● **Description of the task**
The lines to copy are those in the records below that hold the word "Figure".

● **Task data**
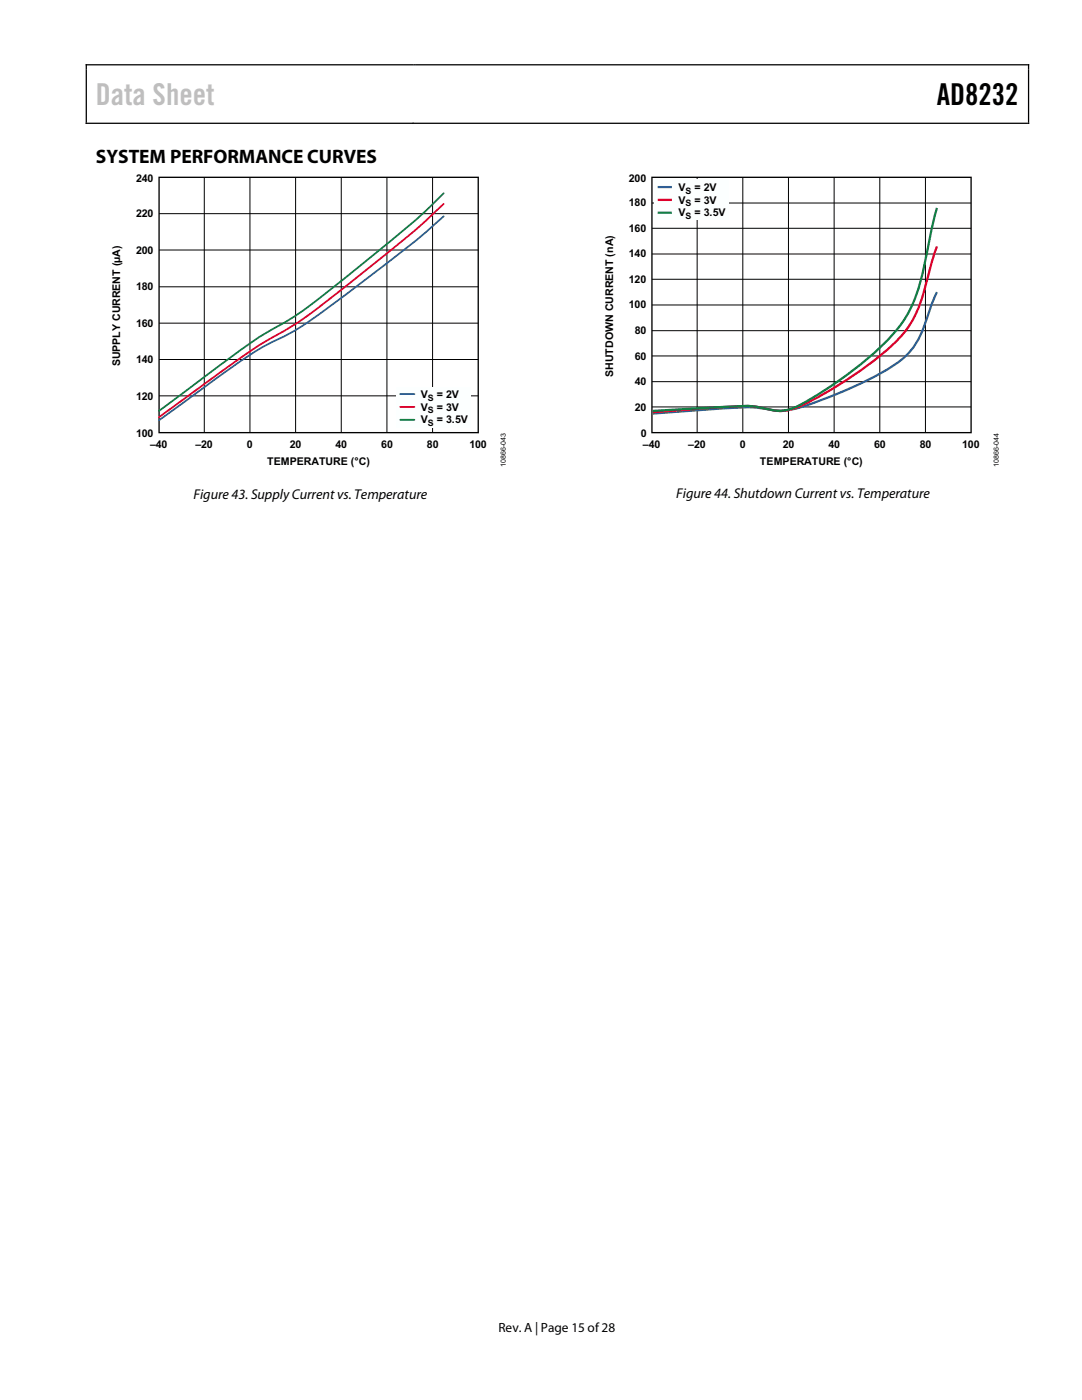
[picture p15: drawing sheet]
<svg xmlns="http://www.w3.org/2000/svg" width="216mm" height="279mm" viewBox="0 0 216 279" stroke-linecap="round" stroke-linejoin="round" font-family="sans-serif">
<defs><g id="words">
<text font-size="6" fill="#bfbebe" x="19.1" y="21">Data Sheet</text>
<text font-size="6" x="186.9" y="21">AD8232</text>
<text font-size="3.9" x="19.1" y="32.5">SYSTEM PERFORMANCE CURVES</text>
<g font-size="2.8">
<text x="38.6" y="99.5">Figure 43. SupplyCurrentvs. Temperature</text>
<text x="134.9" y="99.4">Figure 44. Shutdown Currentvs. Temperature</text>
</g>
<text font-size="2.7" x="99.4" y="265.9">Rev. A | Page 15 of28</text>
<g font-size="2.1">
<text x="27.1" y="36.4">240</text>
<text x="125.5" y="41.2">180</text>
<text x="125.5" y="36.4">200</text>
<text x="135.4" y="38.1">V</text>
<text x="135.4" y="40.6">V</text>
<text x="138.6" y="38.1">= 2V</text>
<text x="138.6" y="40.6">= 3V</text>
<text x="27.1" y="43.3">220</text>
<text x="125.5" y="46.3">160</text>
<text x="135.4" y="43.1">V</text>
<text x="138.6" y="43.1">= 3.5V</text>
<text x="27.1" y="50.6">200</text>
<text x="125.5" y="51.4">140</text>
<text x="27.1" y="57.9">180</text>
<text x="125.5" y="56.5">120</text>
<text x="27.1" y="65.2">160</text>
<text x="125.5" y="61.6">100</text>
<text x="126.7" y="71.8">60</text>
<text x="126.7" y="66.7">80</text>
<text x="24" y="73.1" transform="rotate(-90 24 73.1)">SUPPLY CURRENT (µA)</text>
<text x="27.1" y="72.5">140</text>
<text x="122.3" y="75.2" transform="rotate(-90 122.3 75.2)">SHUTDOWN CURRENT (nA)</text>
<text x="126.7" y="76.9">40</text>
<text x="27.1" y="79.8">120</text>
<text x="84" y="79.5">V</text>
<text x="84" y="82">V</text>
<text x="87.2" y="79.5">= 2V</text>
<text x="87.2" y="82">= 3V</text>
<text x="126.7" y="81.9">20</text>
<text x="27.1" y="87.1">100</text>
<text x="29.9" y="89.5">–40</text>
<text x="39" y="89.5">–20</text>
<text x="49.3" y="89.5">0</text>
<text x="57.8" y="89.5">20</text>
<text x="67" y="89.5">40</text>
<text x="76.1" y="89.5">60</text>
<text x="84" y="84.4">V</text>
<text x="85.2" y="89.5">80</text>
<text x="87.2" y="84.4">= 3.5V</text>
<text x="93.7" y="89.5">100</text>
<text x="127.8" y="87.1">0</text>
<text x="128.3" y="89.5">–40</text>
<text x="137.3" y="89.5">–20</text>
<text x="147.6" y="89.5">0</text>
<text x="156.2" y="89.5">20</text>
<text x="165.3" y="89.5">40</text>
<text x="174.4" y="89.5">60</text>
<text x="183.5" y="89.5">80</text>
<text x="192" y="89.5">100</text>
<text x="53.3" y="92.8">TEMPERATURE (°C)</text>
<text x="151.6" y="92.8">TEMPERATURE (°C)</text>
</g>
<g font-size="1.8">
<text x="136.8" y="38.7">S</text>
<text x="136.8" y="41.1">S</text>
<text x="136.8" y="43.6">S</text>
<text x="85.4" y="80">S</text>
<text x="85.4" y="82.5">S</text>
<text x="85.4" y="85">S</text>
</g>
<g font-size="1.4">
<text x="100.9" y="93.2" transform="rotate(-90 100.9 93.2)">10866-043</text>
<text x="199.3" y="93.2" transform="rotate(-90 199.3 93.2)">10866-044</text>
</g>
</g></defs>
<path d="M17.2 12.8v11.9M17.3 12.9h65.3M82.7 12.8v.3M82.8 12.9h122.3M205.2 12.8v11.9M17.3 24.6h187.8M82.4 24.5v.2" fill="none" stroke="#000" stroke-width=".25"/>
<path d="M31.7 35.4h63.7v50.9h-63.7z" fill="none" stroke="#000" stroke-width=".27"/>
<path d="M40.8 35.4v50.9M49.9 35.4v50.9M59 35.4v50.9M68.1 35.4v50.9M77.2 35.4v50.9M86.3 35.4v50.9M31.7 42.6h63.7M31.7 49.9h63.7M31.7 57.2h63.7M31.7 64.5h63.7M31.7 71.7h63.7M31.7 79h63.7" fill="none" stroke="#000" stroke-width=".2"/>
<path d="M79.1 77.2h14.9v8.1h-14.9z" fill="#fcffff"/>
<path d="M88.5 43.2a312.1 312.1 0 0 1-25 19.6 50.8 50.8 0 0 1-10.5 6.1 234.5 234.5 0 0 0-18.8 13.2l-2.5 1.8M79.9 78.6h2.8" fill="none" stroke="#2d5e95" stroke-width=".35"/>
<path d="M88.5 40.7a155.8 155.8 0 0 1-15.3 13.1l-5.7 4.5a82.2 82.2 0 0 1-15.4 10.3l-6.5 4.5-13.9 10.1M79.9 81.2h2.8" fill="none" stroke="#de002b" stroke-width=".35"/>
<path d="M88.5 38.6a125.3 125.3 0 0 1-13.8 12.2l-7.2 5.8a78.6 78.6 0 0 1-15.4 10.4l-6.5 4.6-13.9 10.4M79.9 83.8h2.8" fill="none" stroke="#118043" stroke-width=".35"/>
<path d="M130.1 35.4h63.7v50.9h-63.7z" fill="none" stroke="#000" stroke-width=".27"/>
<g fill="none" stroke="#000" stroke-width=".2">
<path d="M139.1 35.4v50.9M148.2 35.4v50.9M157.3 35.4v50.9M166.4 35.4v50.9M175.6 35.4v50.9M184.7 35.4v50.9M130.1 40.5h63.7M130.1 45.6h63.7M130.1 50.7h63.7M130.1 55.7h63.7M130.1 60.9h63.7M130.1 66h63.7"/>
<path d="M130.1 71h63.7M130.1 76.2h63.7M130.1 81.2h63.7"/>
</g>
<path d="M130.5 35.9h14.9v8h-14.9z" fill="#fcffff"/>
<path d="M131.2 37.3h2.9M187 58.3l-.6 1.1a64.7 64.7 0 0 1-3.6 9.1 17.5 17.5 0 0 1-7.3 6.2 91.3 91.3 0 0 1-17.1 7 14.5 14.5 0 0 1-6.7-.3 67.5 67.5 0 0 0-11.2 .4l-10.2 .7" fill="none" stroke="#2d5e95" stroke-width=".44"/>
<path d="M131.2 39.9h2.9M187 49.2l-.9 2.5a91 91 0 0 1-3 10.2 22.3 22.3 0 0 1-7.3 8.9 78.6 78.6 0 0 1-17.3 10.7 8.8 8.8 0 0 1-6.1-.1 28.7 28.7 0 0 0-9.1-.1l-13 1" fill="none" stroke="#de002b" stroke-width=".44"/>
<path d="M131.2 42.5h2.9M187 41.5l-1.2 4.6a85.5 85.5 0 0 1-3.4 14 27.4 27.4 0 0 1-7.9 10.3 78.3 78.3 0 0 1-16 10.9 8.3 8.3 0 0 1-6.2 .2 29.5 29.5 0 0 0-9-.2l-13 .7" fill="none" stroke="#118043" stroke-width=".44"/>
<use href="#words"/>
</svg>

● **Result of this task**
<text x="38.6" y="99.5">Figure 43. SupplyCurrentvs. Temperature</text>
<text x="134.9" y="99.4">Figure 44. Shutdown Currentvs. Temperature</text>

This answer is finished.